START Provided entries

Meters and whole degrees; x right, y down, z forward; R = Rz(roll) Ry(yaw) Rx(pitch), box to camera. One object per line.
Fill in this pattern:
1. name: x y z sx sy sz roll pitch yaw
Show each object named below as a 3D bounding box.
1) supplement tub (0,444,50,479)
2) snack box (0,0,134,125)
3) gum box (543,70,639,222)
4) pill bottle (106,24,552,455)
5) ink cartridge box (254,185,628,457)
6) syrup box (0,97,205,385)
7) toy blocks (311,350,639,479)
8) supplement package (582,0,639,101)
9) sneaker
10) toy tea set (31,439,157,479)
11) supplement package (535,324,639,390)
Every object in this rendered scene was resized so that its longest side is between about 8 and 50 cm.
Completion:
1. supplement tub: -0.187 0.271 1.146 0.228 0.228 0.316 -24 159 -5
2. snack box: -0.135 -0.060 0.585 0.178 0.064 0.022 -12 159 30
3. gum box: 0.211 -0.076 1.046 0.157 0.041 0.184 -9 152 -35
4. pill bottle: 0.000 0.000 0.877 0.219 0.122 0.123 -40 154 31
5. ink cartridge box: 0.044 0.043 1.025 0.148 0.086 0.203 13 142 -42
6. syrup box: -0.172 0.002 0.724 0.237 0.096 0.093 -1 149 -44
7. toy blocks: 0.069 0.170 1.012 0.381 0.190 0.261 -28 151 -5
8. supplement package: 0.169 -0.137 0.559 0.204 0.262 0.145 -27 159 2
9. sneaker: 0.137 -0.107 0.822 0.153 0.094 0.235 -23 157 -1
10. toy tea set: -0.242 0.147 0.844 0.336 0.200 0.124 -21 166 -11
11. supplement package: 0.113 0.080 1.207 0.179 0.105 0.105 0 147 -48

END Provided entries
START Provided entries

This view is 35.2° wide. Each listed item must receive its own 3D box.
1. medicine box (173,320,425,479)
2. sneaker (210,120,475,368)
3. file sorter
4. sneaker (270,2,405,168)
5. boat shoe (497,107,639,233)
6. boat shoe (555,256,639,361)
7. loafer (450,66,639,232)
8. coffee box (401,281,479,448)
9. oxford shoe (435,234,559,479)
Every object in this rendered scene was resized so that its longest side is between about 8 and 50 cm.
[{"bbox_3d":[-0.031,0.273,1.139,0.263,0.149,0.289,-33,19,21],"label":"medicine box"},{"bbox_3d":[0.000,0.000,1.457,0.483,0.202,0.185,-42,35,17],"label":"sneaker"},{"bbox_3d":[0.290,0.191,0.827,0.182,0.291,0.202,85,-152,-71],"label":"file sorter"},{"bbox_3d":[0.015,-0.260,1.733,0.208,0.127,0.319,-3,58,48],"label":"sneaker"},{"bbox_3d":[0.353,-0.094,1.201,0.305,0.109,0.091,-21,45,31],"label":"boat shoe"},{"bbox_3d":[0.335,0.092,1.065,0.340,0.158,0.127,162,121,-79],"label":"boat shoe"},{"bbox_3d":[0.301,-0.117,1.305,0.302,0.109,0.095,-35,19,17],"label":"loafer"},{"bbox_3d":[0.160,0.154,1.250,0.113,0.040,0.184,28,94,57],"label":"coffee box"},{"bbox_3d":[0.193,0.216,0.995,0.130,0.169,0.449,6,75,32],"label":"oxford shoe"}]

END Provided entries

### What you will do:
Nothing should appear in the answer except the lines above from the line with "This view is" through the line with "9. oxford shoe (435,234,559,479)", both included, written out exactly.

### Solution:
This view is 35.2° wide. Each listed item must receive its own 3D box.
1. medicine box (173,320,425,479)
2. sneaker (210,120,475,368)
3. file sorter
4. sneaker (270,2,405,168)
5. boat shoe (497,107,639,233)
6. boat shoe (555,256,639,361)
7. loafer (450,66,639,232)
8. coffee box (401,281,479,448)
9. oxford shoe (435,234,559,479)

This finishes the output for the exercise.